Export to Flat File

Zuar Runner can output data to delimited (e.g. comma, tab, pipe, etc) flat files.

database table to csv

Outputting to a flat file with a custom IO job

Here’s an example SQL database table we will export to CSV using a modified Query job.

../_images/export-to-flat-file__table.png

Sample data for toCSV

Use the Generic plugin to create a custom IO job.

Set the type to io.

Use the job config below:

{
    "input": {
        "dbo": "postgresql://db/analytics",
        "query": [
            "SELECT * from excel.tennis_products;"
        ],
        "use": "query.io#QueryInput"
    },
    "output": {
        "delimiter": ",",
        "path": "/var/mitto/data/output_{year}_{month}_{day}.csv",
        "use": "call:mitto.iov2#tocsv"
    },
    "steps": [
        {
            "transforms": [
                {
                    "rename_columns": false,
                    "use": "mitto.iov2.transform#ExtraColumnsTransform",
                    "include_empty_columns": true
                }
            ],
            "use": "mitto.iov2.steps#Input"
        },
        {
            "transforms": [
                {
                    "use": "mitto.iov2.transform#FlattenTransform"
                }
            ],
            "use": "mitto.iov2.steps#Output"
        }
    ]
}

Job Config Keys

The input below is used for a Query job, but the key components when exporting to a flat file are the output and the steps. The input can be an input from any IO job.

input

Contains the database and query: SELECT * from excel.tennis_products;. Any SELECT statement will work. Zuar Runner will use the column names for headers.

output

Contains the output path, and the delimiter to use. /var/mitto/data/ is the public directory. Files in this directory will be visible in the Files page (in the menu on the left of your Zuar Runner UI).

In this example we’re using , as a delimiter. For tabs use: \t

The output code uses the Python csv package. Any key word arguments can be passed to csv.writer (https://docs.python.org/3/library/csv.html#csv.writer).

Path Variables

It is possible to include date and time variables in your output path/filenames. In our example /var/mitto/data/output_{year}_*{month}_*{day}.csv, the strings inside curly brackets {} are variables; in this case the current year, month and day.

Available Variables:

  • year - The current year (2020)

  • month - The current month (05)

  • day - The current day (26)

  • hour - The current hour (07)

  • start_time - Date and time the job started (05-26-2020T07:30:30)

  • last_year - 2019

  • last_month - 04

  • last_day - 25

  • last_hour - 06

  • next_year - 2021

  • next_month - 06

  • next_day - 27

  • next_hour - 08

  • week - The week number for week of the year. (01-52)

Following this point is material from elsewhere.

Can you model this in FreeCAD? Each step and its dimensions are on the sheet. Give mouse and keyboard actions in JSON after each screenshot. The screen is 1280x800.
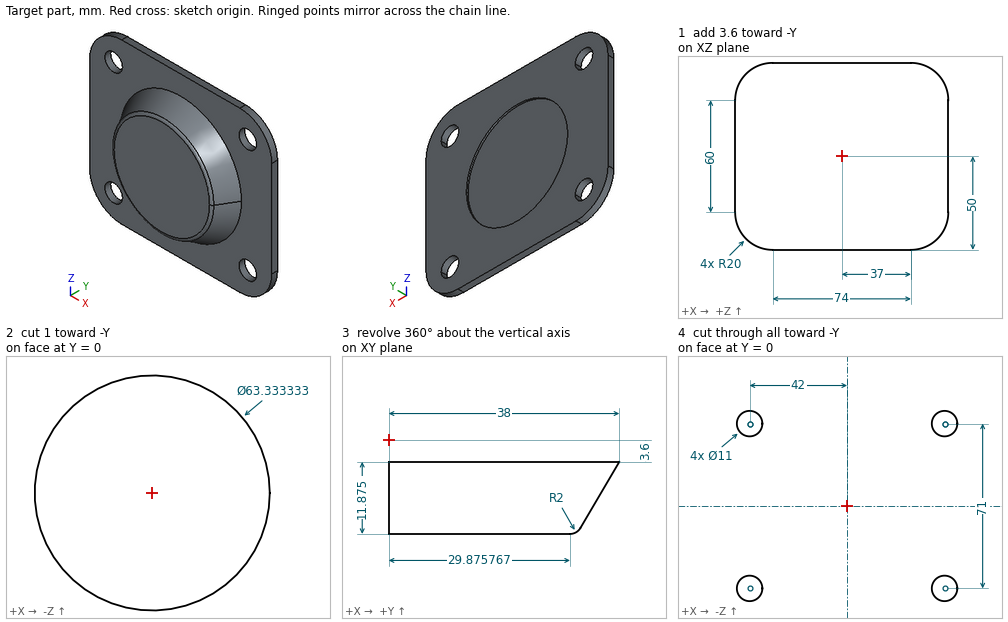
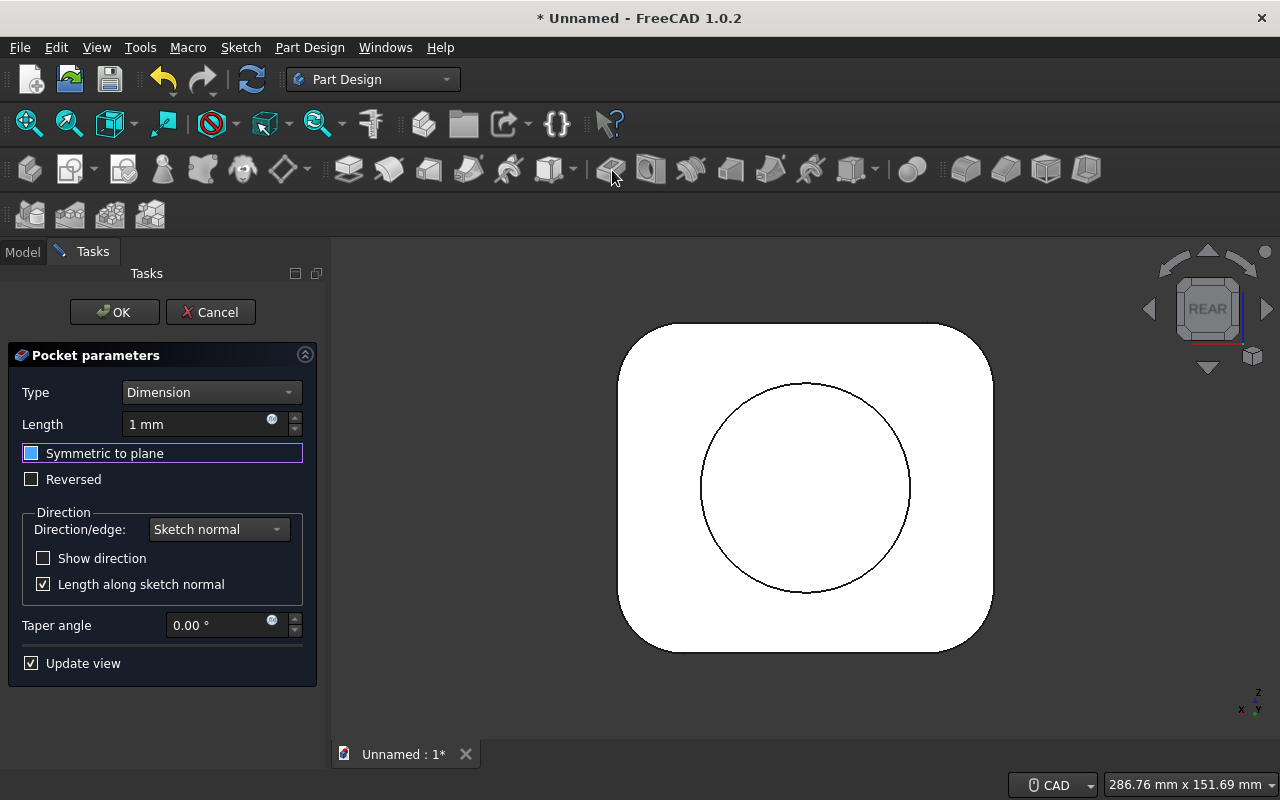
{"action": "left_click", "coordinate": [115, 312]}

You can also pull out values from the last and next values:

  • Yesterday’s day is {last_day.day}, month is {last_day.month}, and year is {last_day.year}.

These are more complex examples using Python’s **strftime** on date values:

  • Today is {now:%A}, {now:%B} {now:%d}, {now:%Y}

  • One year ago from today was {last_year:%c}

  • The time is {now:%X}

  • The time is {now:%I}:{minute}:{second} {now:%p}

steps

Any steps for processing the data. The steps included in the example above are default steps which will include empty columns (via "include_empty_columns": true) and will not rename columns (via "rename_columns": false).

Resulting Flat File

The resulting flat file is created on Zuar Runner’s file system.

../_images/export-to-flat-file__output_file.png

Output from toCSV job

You can download the file manually or use another job (e.g. email, Rclone, command line, etc) to send the file elsewhere automatically.